Made-in-Canada COVID-19 test nearly ready
June 10, 2020
MONTREAL – After two months of determined effort, a team of Montreal researchers has produced a “made-from-scratch” version of the gold-standard laboratory test for the SARS-CoV-2 coronavirus. The test was developed by a large team of scientists led by Dr. Martin Schmeing (pictured), director of the Centre de recherche en biologie structurale (CRBS) at McGill University and Dr. Don van Meyel, director of the Centre for Translational Biology (CTB) at the Research Institute of the McGill University Health Centre (RI-MUHC).
Thanks to a productive partnership with the National Research Council of Canada (NRC), and now with crucial funding from Innovation, Science, and Economic Development Canada (ISED) announced on May 26, the project includes development of procedures to make all essential components of the tests at a national scale here in Canada. The tests could be available to Canadian testing labs within months.
“There are no made-in-Canada RT-PCR (reverse transcription polymerase chain reaction) tests,” Dr. Schmeing told The McGill Reporter. “They’re mainly being made by multi-nationals and could be diverted away from Canada. We want to help by making these tests domestically and making it possible for Canadians – including healthcare workers, students and everyday Canadians – to be tested on a larger scale.”
The project was first launched two months ago thanks to funding from the McGill Interdisciplinary Initiative in Infection and Immunity (MI4), supported by the MUHC Foundation, as well as funding from McGill’s Faculty of Science. “Without them, we wouldn’t be where we are,” says Dr. Schmeing. “Their early support has been absolutely crucial.”
The project was originally more modest in scope, if not less complex, with an aim of producing 15,000 tests per week at McGill. Drs. Schmeing and van Meyel were encouraged by colleagues with expertise in infectious disease, like MI4’s Dr. Marcel Behr, to aim instead for millions of tests, to help make Canada self-reliant for the duration of this pandemic – and the next. The initial test should be ready to send to the National Microbiology Laboratory in Winnipeg for verification in the next couple of weeks, paving the way for ramp up to the national level.
In pre-pandemic times, Dr. Schmeing, who is associate professor in the Department of Biochemistry, spent his time studying biosynthetic megaenzymes, while Dr. van Meyel, professor in the Department of Neurology & Neurosurgery, was delving deep into neurons and glial cells. That’s all on hold for now, while they devote all their waking hours to the tests – apart from when they are fulfilling their teaching and administrative duties and on Zoom calls with their colleagues and lab teams.
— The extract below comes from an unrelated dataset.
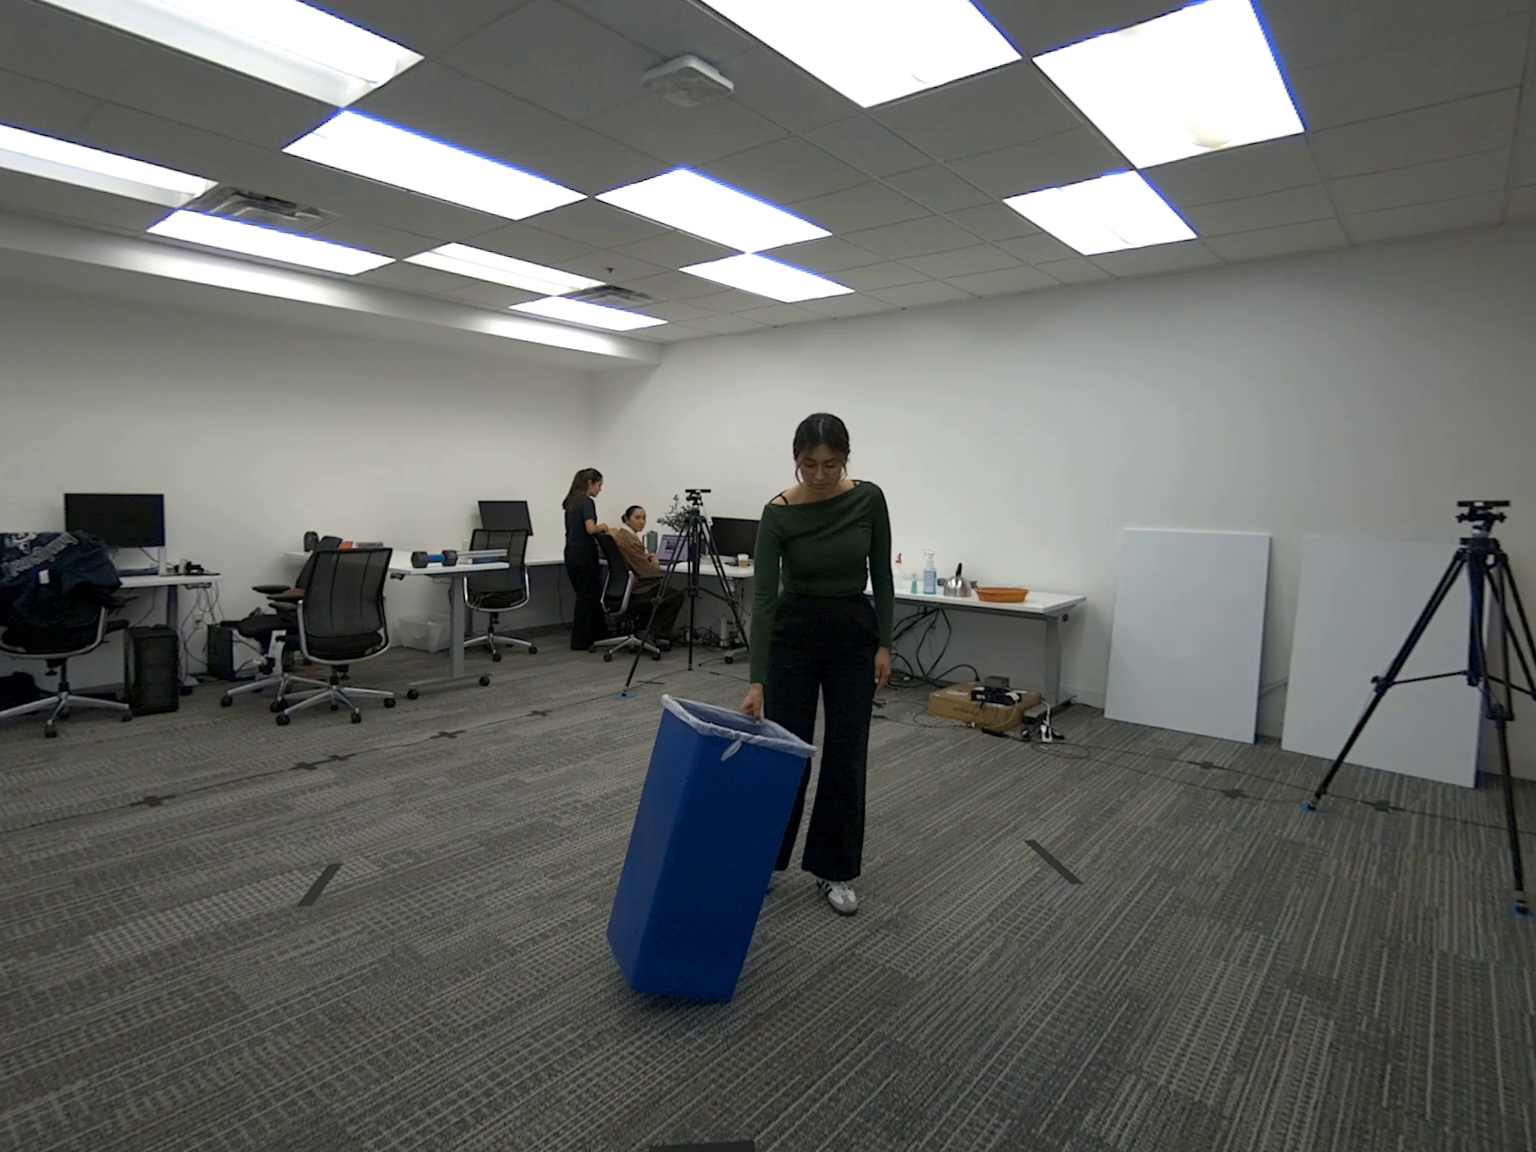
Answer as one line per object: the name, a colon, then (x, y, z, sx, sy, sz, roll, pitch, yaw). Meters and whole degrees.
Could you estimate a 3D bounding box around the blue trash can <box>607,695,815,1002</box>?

“This is not a brand-new test,” says Dr. Schmeing. “This is a Canadian version of the gold standard.” The process of testing for SARS-CoV-2, the virus responsible for COVID-19 infections, is two-part. First, the RNA is extracted from the sample (usually a swab from a patient’s nose). “RNA extraction is a molecular biology technique that is fairly common, but needs to be done under clean conditions with high throughput,” explained Dr. Schmeing. Second, RT-PCR detects the presence of virus in the sample. This is an incredibly complex process where the team’s enzyme-building expertise really comes into play. RT-PCR involves a delicate balance of almost 20 components that must come together to make a robust, functioning test. “We are creating both parts at the 15,000 test level. We will scale RT-PCR to the national level in partnership with the NRC.”
Optilab Montreal MUHC, a designated COVID-19 testing lab, has been verifying the team’s reagents and the components for the RT-PCR in a real world setting against known positive and negative tests. “The leaders of the microbiology labs at Optilab Montreal MUHC have been very helpful and supportive from the beginning, in particular Dr. Jerry Zaharatos and Dr. Raymond Tellier,” said Dr. van Meyel. Both are associate professors in the Department of Medicine. Once the test is ready, the first 15,000 pilot tests will be supplied for use to Optilab MUHC.
“Under current testing, that’s about a week’s worth of tests,” explained Dr. van Meyel. “When things are up and running, we’ll be able to produce tests at this level for McGill’s affiliated hospitals as long as they’re needed.”
Meanwhile, the pilot will also serve as a proof of concept for a potential ramp up to millions of tests in collaboration with the NRC. For that, the team is grateful to have been able to get a head start thanks to government scientist Dr. Luke Masson and his team at NRC Human Health Therapeutics (HHT), also in Montreal. “Dr. Masson recognized immediately that it was essential to get to work right away on the cell lines needed to take the project to the next phase,” said Dr. Schmeing.
Drs. Schmeing and van Meyel are in this for the long haul. “This is not just for the current pandemic,” says Dr. Schmeing. “This will also give Canada the infrastructure and resources to be in better position to deal with future pandemics because we now know how to do it. Now we can make the ingredients, and we have the recipe. The test is versatile and can help Canada respond quickly to other novel challenges to the health of Canadians.”